Кейн шла так быстро, как могла, и в голове было пусто.
Одной-единственной мыслью звенело, что нужно торопиться. Именно сегодня, сейчас.
Она не чувствовала холода, совсем потеряла счет времени в калейдоскопе улиц.
В каменных массивах богатых домов, в крохотных коробках домов бедных, которых становилось все больше и больше.
Кейн почему-то всегда нравились трущобы – их пестрое, отчаянно живое лоскутное одеяло. Их непобедимое желание быть, дышать, продолжаться.
Кейн шла к ним, все убыстряя и убыстряя шаг.
Вот же она: Солнечная улица – серая и дымная, и настоящая.
И четвертый дом – крохотная коробка наверху, затерянная между 4-а и 4-в, но Кейн все равно увидела ее сразу.
Увидела и перешла на бег.
Должно быть, она глупо выглядела со стороны – взрослая мастресса, которая, путаясь в юбке, бежала вперед.
Может быть, Джека даже не было дома.
Каблуки стучали по каменным плитам мостовой и по железным лестницам, ведущим вверх, и воздуха – такого дымного, холодного воздуха трущоб было отчаянно мало.
Дверь в дом Джека была небесно-синей, затертой заплаткой неба на стене.
Кейн подняла руку, чтобы постучать, и замерла.
Сердце колотилось, как сумасшедшее – казалось, так громко, что, наверное, его можно было принять за стук в дверь.
А потом раздались шаги с той стороны двери, Кейн узнала их – по одному звуку узнала Джека.

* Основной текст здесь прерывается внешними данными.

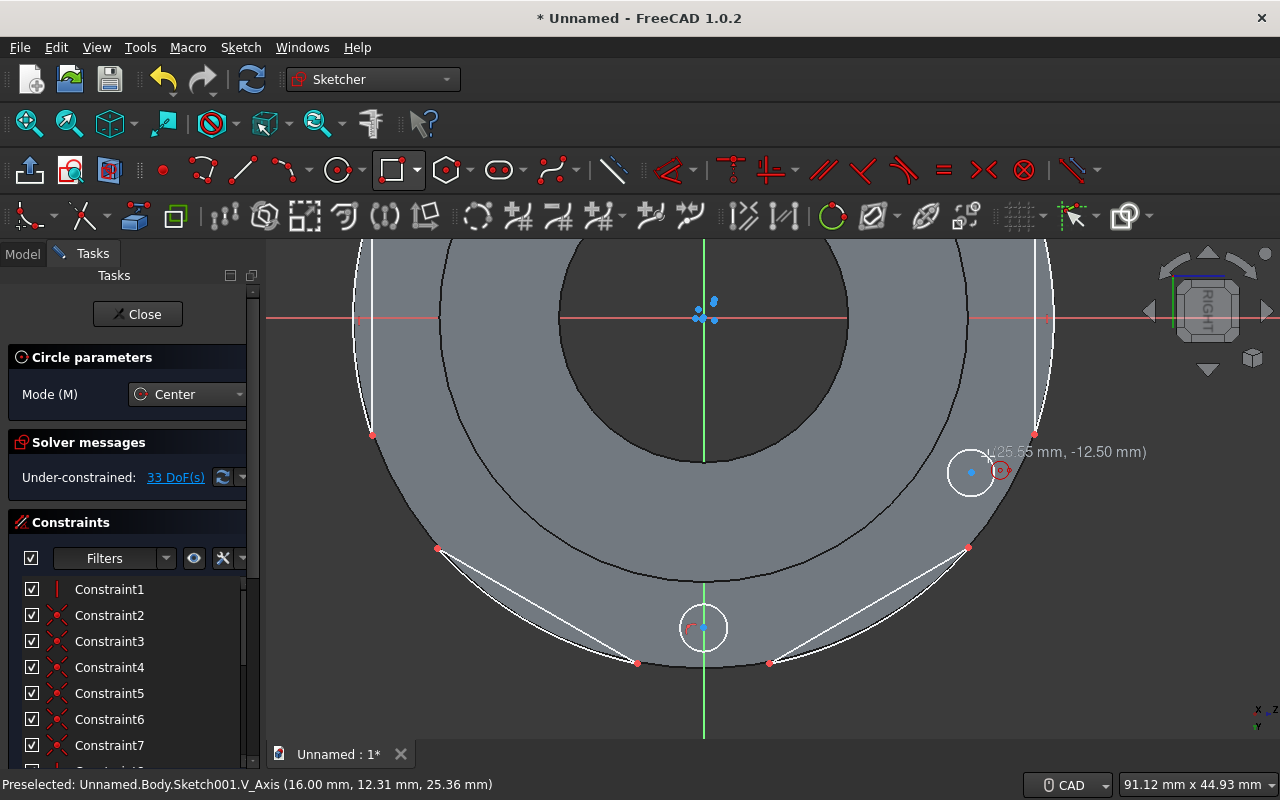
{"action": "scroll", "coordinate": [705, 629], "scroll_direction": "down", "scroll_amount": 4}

Дверь открылась, и это действительно был он. Полумрак коридора обрисовывал его фигуру, и Кейн сразу увидела Джека целиком – каждую крохотную мелочь: и массивную фигуру, и тень щетины на подбородке, и крохотную дырку на старом свитере возле локтя. Льдистые глаза, и механическую руку, и старые домашние штаны, всклокоченные волосы и тени под глазами.
Джек молчал.
Смотрел на Кейн, не двигался с места, и казался вырезанным из камня.
А ей только теперь пришло в голову, что он мог быть не один.